The active application of these measures in practice gave rise to such strong hatred of the Office of Secret Investigative Cases in all layers of Russian society, not excluding the ruling one, that Peter III, who replaced Elizabeth on the throne, considered it a good thing with the “highest manifesto” on February 21, 1762 to liquidate this institution and everywhere announce to the population. At the same time, it was prohibited “the hateful expression, namely “word and deed,” should henceforth mean nothing.” The ominous words that had sounded over Russia for 140 years have lost their magical power. The news of this was greeted with enthusiasm in Russian society. Contemporary of events, writer and naturalist A.T. Bolotov writes in his memoirs: “This brought great pleasure to all Russians, and they all blessed him for this deed.”
Some pre-revolutionary historians were inclined to attribute the decision to abolish the Office of Secret Investigative Affairs to the nobility and generosity of Peter III, but the surviving documents completely destroy this legend.

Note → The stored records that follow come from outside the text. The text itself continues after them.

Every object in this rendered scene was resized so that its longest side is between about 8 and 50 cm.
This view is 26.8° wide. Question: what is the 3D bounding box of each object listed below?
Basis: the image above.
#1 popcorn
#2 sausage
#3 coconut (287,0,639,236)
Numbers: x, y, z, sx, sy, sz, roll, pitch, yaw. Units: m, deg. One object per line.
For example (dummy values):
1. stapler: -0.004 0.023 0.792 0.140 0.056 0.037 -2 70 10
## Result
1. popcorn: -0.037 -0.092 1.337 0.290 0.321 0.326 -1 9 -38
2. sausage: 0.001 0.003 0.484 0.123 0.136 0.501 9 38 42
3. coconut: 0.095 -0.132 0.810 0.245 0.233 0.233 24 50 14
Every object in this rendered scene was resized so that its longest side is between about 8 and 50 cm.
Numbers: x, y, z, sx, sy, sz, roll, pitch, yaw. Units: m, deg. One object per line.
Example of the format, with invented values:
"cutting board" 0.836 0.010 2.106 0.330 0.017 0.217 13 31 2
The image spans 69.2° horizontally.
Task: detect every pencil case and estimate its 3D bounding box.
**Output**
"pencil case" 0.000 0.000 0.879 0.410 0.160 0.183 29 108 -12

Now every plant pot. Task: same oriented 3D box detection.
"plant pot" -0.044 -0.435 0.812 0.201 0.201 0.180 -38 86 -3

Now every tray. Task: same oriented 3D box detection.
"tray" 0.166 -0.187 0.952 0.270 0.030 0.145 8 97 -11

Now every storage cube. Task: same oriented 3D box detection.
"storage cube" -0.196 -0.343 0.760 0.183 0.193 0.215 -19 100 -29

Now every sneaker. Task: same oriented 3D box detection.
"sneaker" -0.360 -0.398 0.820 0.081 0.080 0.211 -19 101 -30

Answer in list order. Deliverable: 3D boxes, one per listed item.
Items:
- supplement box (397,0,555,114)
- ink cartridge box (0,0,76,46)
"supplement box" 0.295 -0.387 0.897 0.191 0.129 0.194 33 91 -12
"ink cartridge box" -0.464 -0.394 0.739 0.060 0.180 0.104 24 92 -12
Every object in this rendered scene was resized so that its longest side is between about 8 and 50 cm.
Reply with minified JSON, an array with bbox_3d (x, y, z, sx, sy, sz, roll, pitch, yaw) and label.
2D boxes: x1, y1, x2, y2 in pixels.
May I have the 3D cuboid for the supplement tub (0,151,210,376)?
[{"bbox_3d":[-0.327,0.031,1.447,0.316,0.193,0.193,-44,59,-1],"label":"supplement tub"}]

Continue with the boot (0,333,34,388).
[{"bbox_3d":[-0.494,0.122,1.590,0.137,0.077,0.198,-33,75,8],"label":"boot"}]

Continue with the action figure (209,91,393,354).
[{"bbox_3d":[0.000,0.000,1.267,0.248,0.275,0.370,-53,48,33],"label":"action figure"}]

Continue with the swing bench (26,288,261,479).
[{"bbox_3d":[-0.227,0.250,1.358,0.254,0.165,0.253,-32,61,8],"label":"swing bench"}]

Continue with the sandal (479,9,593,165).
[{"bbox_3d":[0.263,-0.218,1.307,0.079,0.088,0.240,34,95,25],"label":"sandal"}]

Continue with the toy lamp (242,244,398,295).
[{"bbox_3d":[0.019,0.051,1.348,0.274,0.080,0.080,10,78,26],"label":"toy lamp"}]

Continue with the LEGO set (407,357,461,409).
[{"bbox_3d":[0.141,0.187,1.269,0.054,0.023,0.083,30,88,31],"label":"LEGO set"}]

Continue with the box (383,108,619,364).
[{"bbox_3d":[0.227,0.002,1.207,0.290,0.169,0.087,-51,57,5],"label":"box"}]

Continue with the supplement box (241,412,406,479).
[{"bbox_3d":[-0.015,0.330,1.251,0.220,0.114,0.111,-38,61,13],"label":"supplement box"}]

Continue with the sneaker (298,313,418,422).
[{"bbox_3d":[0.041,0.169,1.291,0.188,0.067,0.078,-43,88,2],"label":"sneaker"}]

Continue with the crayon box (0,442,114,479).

It turns out that even two weeks before the publication of the manifesto, which caused such “great pleasure” in society, the new tsar ordered, in place of the destroyed Office of Secret Investigative Affairs, to establish a Special Expedition under the Senate in charge of issues of political investigation. Thus, the decision of Peter III was a typical hypocritical maneuver of the authorities, striving, without changing anything in essence, to look more attractive in the eyes of society by simply changing the signs. Instead of the widely announced liquidation of the political investigation structure, in reality it simply flowed under the banner of the Senate. All the changes boiled down to the fact that the political investigation body, which retained its personnel from independent organization became structural unit at the highest state body of the Russian Empire.